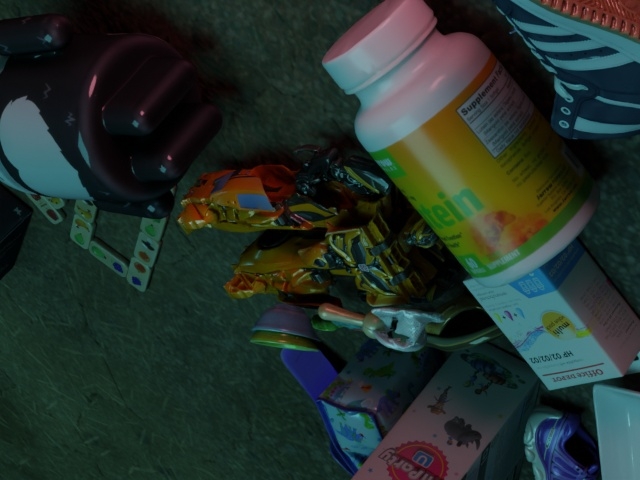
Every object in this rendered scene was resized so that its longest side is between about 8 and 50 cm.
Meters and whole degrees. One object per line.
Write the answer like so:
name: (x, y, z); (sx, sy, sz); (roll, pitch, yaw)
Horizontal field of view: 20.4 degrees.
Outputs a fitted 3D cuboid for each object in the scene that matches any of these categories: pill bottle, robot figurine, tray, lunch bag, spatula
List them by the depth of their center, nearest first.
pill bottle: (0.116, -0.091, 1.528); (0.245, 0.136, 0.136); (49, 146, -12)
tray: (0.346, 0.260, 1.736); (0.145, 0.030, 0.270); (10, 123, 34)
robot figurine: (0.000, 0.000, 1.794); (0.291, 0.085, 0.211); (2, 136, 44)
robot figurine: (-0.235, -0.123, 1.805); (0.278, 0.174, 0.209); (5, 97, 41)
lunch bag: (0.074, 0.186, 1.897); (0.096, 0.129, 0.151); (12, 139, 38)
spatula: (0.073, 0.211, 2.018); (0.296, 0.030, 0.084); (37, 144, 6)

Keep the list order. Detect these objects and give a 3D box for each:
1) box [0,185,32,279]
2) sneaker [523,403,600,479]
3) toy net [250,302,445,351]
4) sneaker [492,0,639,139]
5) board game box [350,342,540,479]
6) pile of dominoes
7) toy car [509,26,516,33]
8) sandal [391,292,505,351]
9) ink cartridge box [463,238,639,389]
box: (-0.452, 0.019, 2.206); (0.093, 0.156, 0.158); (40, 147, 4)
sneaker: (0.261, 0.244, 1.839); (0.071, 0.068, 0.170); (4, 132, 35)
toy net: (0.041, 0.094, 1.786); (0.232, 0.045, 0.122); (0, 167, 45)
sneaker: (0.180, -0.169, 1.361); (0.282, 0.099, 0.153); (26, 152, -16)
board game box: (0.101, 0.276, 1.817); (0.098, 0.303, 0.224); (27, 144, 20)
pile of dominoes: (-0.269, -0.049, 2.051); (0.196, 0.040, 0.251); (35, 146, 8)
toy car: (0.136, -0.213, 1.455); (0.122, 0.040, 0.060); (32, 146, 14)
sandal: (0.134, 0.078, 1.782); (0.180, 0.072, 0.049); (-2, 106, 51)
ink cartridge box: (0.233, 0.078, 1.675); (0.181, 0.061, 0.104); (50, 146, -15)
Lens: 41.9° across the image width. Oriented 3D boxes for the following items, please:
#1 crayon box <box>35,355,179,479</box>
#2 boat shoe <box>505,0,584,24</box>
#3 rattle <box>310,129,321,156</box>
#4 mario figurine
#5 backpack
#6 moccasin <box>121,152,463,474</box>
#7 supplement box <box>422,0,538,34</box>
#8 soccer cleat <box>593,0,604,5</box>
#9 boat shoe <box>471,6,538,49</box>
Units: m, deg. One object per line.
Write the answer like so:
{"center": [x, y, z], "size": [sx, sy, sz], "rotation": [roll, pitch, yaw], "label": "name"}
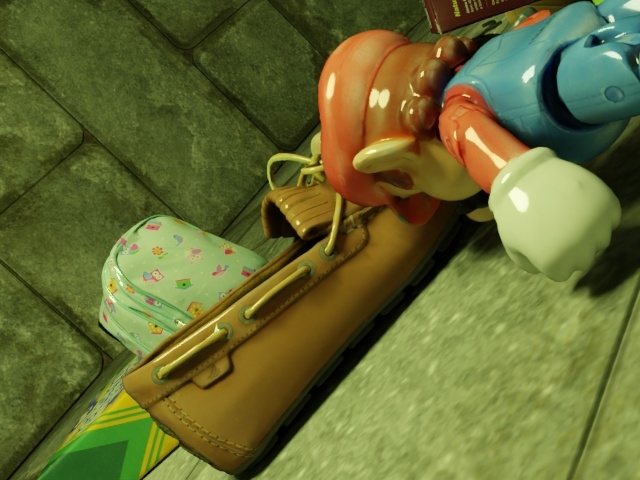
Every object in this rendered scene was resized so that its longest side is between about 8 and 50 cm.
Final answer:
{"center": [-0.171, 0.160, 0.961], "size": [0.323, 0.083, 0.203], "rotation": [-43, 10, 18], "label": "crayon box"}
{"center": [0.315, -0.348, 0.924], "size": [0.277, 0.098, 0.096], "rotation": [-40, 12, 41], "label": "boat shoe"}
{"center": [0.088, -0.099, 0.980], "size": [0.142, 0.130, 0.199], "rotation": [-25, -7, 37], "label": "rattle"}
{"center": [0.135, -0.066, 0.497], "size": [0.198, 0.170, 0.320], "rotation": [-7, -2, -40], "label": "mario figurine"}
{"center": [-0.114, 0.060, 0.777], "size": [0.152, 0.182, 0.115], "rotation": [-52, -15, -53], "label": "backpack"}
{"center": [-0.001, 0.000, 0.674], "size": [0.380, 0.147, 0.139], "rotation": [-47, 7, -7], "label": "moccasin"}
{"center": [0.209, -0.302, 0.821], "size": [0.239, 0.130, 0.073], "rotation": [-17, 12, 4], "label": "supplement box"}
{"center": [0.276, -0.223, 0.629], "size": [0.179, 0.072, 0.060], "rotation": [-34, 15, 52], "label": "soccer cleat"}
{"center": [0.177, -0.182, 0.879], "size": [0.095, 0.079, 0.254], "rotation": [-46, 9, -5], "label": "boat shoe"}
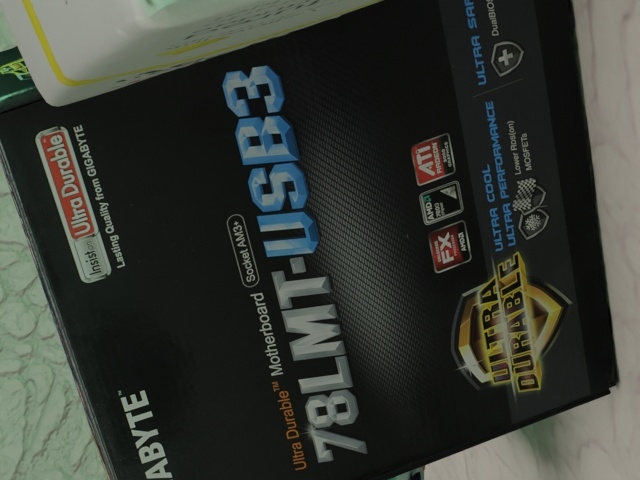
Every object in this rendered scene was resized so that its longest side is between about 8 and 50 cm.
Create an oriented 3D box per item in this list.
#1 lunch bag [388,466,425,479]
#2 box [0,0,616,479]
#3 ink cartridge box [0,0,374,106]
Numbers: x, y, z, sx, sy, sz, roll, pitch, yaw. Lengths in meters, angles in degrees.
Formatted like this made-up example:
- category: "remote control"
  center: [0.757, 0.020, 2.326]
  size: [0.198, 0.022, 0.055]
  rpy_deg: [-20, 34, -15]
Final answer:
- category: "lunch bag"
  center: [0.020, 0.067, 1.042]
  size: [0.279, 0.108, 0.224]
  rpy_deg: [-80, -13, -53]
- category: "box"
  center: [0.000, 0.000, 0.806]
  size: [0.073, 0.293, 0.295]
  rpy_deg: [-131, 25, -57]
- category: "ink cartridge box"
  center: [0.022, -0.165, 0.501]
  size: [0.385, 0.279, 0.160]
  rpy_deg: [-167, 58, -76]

--

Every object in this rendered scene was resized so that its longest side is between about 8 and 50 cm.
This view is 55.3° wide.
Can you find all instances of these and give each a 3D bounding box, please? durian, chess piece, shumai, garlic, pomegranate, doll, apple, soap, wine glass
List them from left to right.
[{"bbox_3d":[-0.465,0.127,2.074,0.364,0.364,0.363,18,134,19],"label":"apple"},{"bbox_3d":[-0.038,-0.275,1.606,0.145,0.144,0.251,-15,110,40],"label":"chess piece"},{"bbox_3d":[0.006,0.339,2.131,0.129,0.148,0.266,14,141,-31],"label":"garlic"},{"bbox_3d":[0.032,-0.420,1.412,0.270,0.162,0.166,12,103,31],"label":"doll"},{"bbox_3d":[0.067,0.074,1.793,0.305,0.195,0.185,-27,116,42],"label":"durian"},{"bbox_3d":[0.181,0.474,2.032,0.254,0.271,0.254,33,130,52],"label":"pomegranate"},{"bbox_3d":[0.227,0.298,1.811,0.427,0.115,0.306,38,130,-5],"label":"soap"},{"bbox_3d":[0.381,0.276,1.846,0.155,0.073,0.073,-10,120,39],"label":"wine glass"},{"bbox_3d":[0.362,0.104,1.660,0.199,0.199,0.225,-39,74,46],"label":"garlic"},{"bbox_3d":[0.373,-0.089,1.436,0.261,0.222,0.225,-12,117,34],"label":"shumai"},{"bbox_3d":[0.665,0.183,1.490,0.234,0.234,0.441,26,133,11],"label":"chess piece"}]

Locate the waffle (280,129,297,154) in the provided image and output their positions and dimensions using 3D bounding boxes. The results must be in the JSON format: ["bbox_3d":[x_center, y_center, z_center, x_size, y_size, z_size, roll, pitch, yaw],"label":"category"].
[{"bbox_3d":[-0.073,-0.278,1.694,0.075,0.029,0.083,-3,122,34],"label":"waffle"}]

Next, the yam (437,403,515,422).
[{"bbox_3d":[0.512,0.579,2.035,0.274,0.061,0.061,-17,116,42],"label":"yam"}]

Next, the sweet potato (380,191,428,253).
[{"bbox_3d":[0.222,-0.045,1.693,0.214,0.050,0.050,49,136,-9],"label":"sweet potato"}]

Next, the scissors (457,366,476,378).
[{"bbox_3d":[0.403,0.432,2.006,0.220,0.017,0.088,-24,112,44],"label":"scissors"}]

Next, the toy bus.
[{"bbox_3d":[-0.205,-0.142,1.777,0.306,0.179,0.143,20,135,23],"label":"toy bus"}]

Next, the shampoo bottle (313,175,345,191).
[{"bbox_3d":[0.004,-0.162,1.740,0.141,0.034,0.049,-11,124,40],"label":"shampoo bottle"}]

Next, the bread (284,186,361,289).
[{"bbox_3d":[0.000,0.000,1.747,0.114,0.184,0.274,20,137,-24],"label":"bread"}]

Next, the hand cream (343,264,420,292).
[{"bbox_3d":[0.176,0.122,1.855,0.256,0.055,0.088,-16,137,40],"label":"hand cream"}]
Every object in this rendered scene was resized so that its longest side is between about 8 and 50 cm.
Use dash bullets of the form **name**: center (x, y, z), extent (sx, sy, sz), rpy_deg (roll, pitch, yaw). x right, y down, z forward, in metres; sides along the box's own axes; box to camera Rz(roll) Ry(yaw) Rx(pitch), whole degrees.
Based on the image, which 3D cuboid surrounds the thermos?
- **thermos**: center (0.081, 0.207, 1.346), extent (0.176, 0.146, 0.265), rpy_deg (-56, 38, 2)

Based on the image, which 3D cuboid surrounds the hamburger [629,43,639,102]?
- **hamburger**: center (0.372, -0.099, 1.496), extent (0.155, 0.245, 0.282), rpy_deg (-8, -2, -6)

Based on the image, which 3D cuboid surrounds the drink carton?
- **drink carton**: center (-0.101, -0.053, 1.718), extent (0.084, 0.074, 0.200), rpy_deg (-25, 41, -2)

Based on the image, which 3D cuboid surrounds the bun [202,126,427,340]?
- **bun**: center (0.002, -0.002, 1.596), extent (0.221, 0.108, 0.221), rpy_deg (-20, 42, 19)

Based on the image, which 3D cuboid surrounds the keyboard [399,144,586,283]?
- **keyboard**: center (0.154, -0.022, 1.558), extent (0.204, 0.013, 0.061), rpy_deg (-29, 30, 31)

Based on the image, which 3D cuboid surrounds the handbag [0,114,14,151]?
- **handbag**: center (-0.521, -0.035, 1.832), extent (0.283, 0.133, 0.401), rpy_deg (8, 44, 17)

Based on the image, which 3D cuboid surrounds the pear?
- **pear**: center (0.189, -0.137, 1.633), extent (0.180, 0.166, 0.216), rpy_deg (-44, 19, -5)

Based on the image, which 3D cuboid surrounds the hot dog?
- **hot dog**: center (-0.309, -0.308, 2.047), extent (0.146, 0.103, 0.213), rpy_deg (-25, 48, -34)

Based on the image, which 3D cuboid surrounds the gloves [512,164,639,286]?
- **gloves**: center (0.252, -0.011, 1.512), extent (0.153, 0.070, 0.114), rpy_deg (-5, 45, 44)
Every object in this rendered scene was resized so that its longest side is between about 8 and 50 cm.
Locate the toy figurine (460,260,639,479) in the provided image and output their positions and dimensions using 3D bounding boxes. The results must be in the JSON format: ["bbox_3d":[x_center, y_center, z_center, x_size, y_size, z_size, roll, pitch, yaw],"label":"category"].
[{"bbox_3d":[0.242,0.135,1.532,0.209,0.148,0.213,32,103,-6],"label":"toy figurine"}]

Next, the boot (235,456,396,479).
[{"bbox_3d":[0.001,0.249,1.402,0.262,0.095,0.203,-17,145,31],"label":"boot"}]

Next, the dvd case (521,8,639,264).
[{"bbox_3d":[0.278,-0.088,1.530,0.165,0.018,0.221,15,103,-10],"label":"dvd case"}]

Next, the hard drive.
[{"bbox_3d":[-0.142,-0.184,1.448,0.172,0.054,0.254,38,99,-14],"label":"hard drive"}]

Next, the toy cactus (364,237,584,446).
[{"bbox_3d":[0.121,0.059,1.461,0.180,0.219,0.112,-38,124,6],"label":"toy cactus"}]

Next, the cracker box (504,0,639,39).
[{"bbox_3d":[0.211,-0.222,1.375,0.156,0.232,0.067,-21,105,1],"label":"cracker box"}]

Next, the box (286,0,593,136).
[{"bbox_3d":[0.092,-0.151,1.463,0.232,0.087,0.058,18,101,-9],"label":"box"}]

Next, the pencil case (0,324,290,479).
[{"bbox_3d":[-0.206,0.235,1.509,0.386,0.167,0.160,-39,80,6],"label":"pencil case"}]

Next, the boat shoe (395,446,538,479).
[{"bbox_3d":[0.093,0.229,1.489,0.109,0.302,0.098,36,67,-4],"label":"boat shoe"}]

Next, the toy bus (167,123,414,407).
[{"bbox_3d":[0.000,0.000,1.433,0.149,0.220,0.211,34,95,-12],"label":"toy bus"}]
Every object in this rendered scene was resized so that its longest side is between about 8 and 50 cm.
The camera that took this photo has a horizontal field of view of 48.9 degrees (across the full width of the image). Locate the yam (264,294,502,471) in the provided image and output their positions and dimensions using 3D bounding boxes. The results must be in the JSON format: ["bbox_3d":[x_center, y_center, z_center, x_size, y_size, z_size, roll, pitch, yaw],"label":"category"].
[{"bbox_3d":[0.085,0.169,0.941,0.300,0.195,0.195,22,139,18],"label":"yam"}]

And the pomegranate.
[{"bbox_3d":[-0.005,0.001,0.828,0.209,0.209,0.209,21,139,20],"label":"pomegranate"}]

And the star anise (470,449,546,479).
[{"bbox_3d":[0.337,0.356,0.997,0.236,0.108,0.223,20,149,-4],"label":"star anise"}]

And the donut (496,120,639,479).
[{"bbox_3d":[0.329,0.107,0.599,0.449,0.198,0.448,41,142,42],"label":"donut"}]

◆ Task statement: Copy all lines of the records that have the string "please" in them.

◆ Response:
Lens: 41.9° across the image width. Oriented 3D boxes for the following items, please:
Can you find all instances of these and give each a 3D bounding box, please? durian, chess piece, shumai, garlic, pomegranate, doll, apple, soap, wine glass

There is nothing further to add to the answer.